| SLEEP
DISORDER [ back
to Brain Injury 101 ]
Although many people complain of headache, slowed cognitive
processing and poor short term memory following a TBI, the
one symptom that we see without fail in every survivor of
a brain injury is sleep disorder. Why is this important? Lack
of sleep causes lost cognitive sharpness with distinct decreases
in attention, reaction time and working memory. In the April
2003 Journal of Sleep, Dr. Hans Van Dongen, Assistant Professor
of Sleep at the Univ. of Pennsylvania, published a study showing
that adults who get 6 continuous hours of sleep per night
for two weeks perform as poorly on cognitive testing as people
who were up for 48 straight hours. Typical clients of our
office average 4-6 hours of highly fragmented sleep per night.
You do not need an enormous brain lesion to have problems
with concentration, irritability and memory, if your "mild"
brain injury is disturbing your sleep-wake cycle.
Although there are some cases of hypersomnia (sleeping too
much), it is far more typical to see insomnia with day time
sleepiness. Why? Some physicians believe difficulties sleeping
are due to depression (which tends to wake people up for the
rest of the night around 2 or 3 am.) or anxiety (which makes
it very hard to fall asleep in the first place) or both. Either
mechanism would create a large sleep debt with oppressive
day time fatigue. Other physicians blame fatigue on
cognitive impairments, which force the person with a TBI to
expend extra energy to maintain attention and to perform
the mental work involved with retaining information, retrieving
memories, making decisions, etc.
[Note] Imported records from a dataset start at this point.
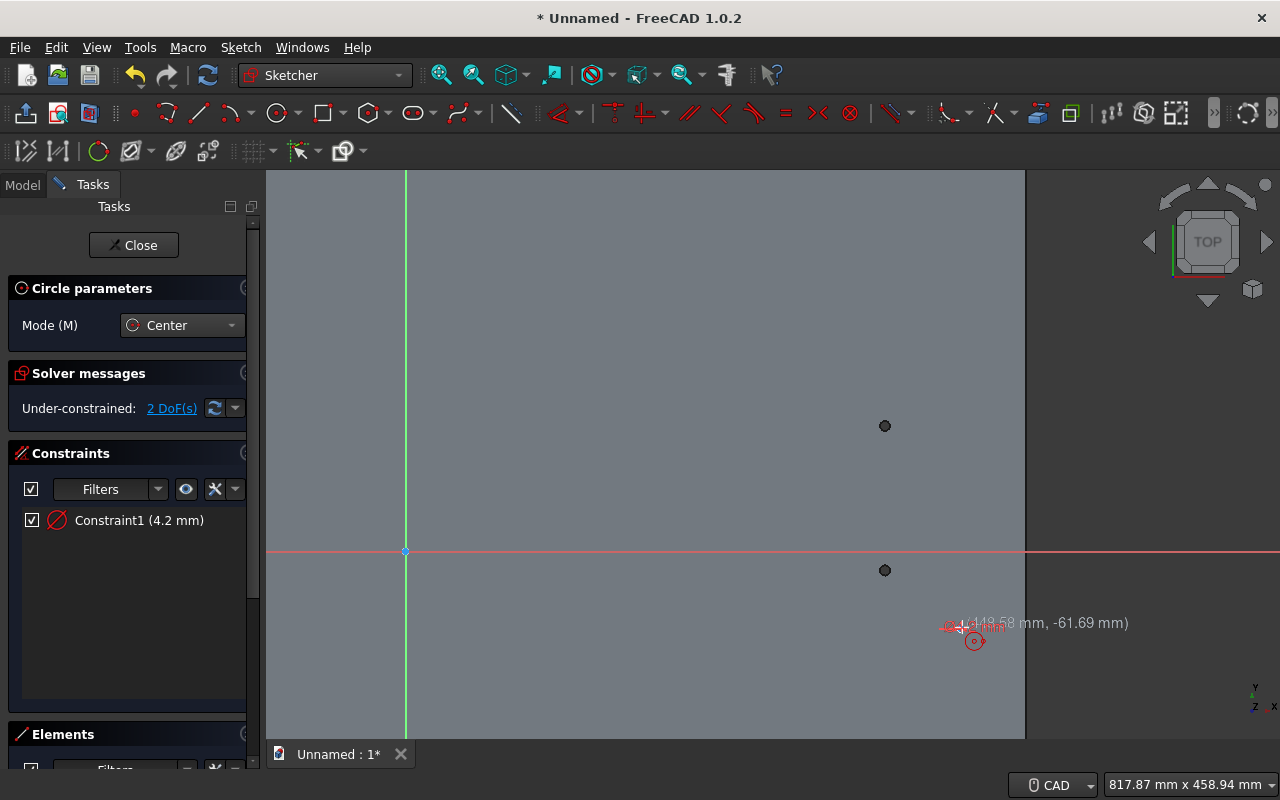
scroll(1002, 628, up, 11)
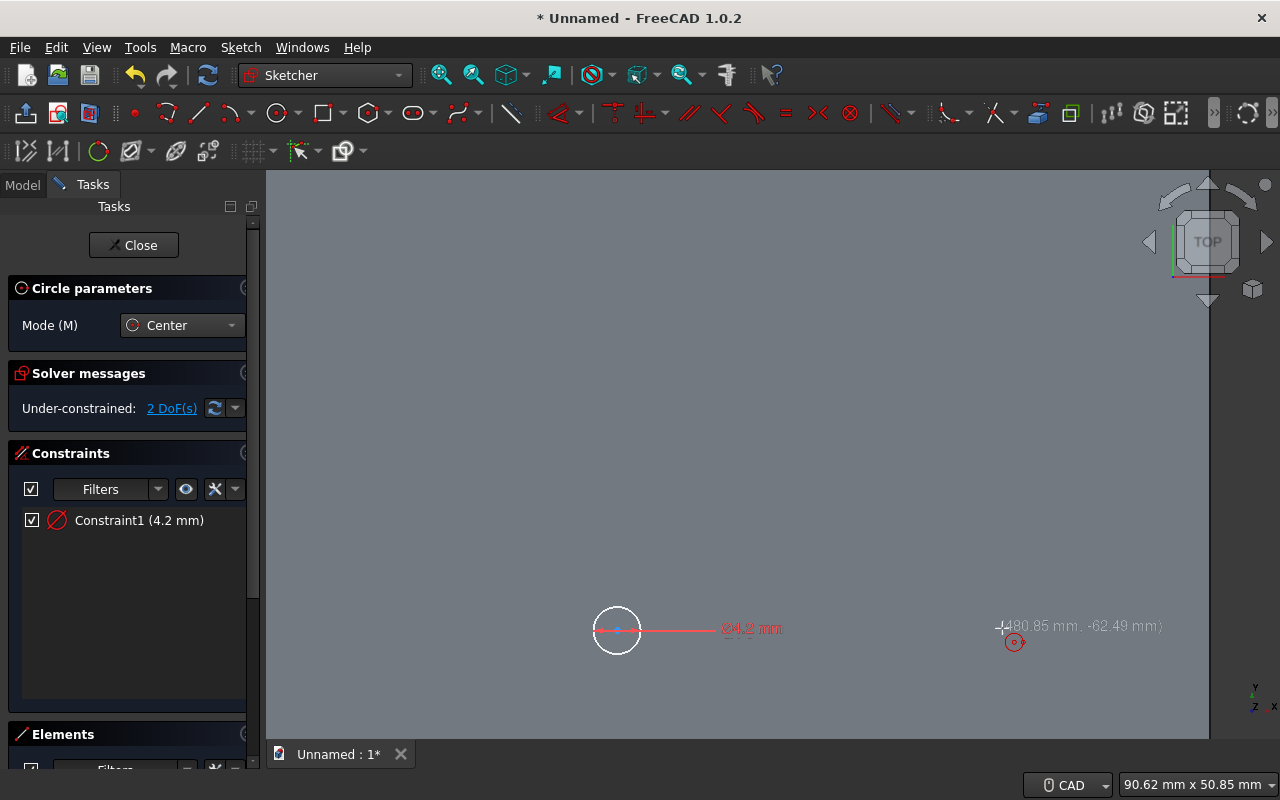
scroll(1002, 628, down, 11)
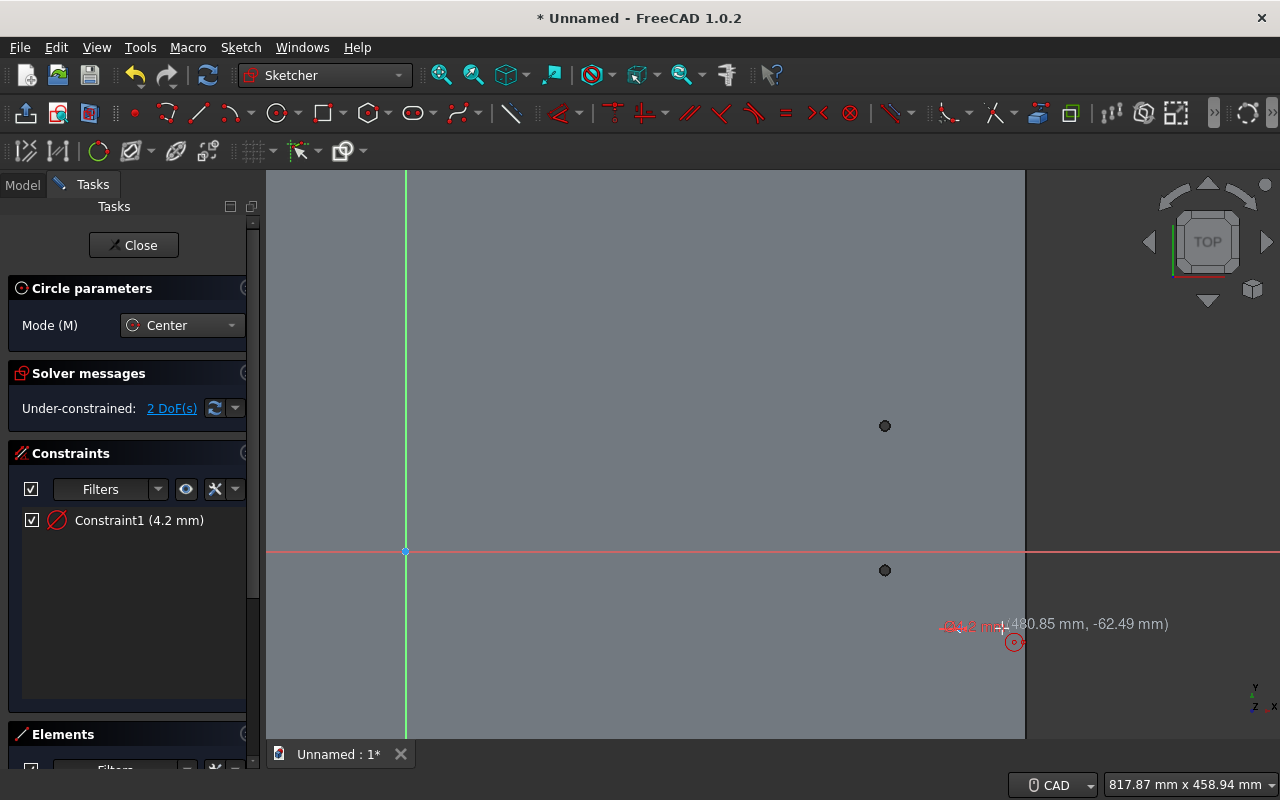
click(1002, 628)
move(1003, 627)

The theory goes that people
with a TBI must work many times harder to perform the same
cognitive tasks as people without a TBI, and this extra effort
wears the person with TBI down.
While there is some truth to all of these beliefs, if they
were the only explanation, we would expect to see better,
more refreshing sleep at night and a higher level of energy
and alertness during the day in patients receiving appropriate
treatment for those sequelae of a a TBI, such as anti-depressant
medication, anti-anxiety medication and cognitive therapy.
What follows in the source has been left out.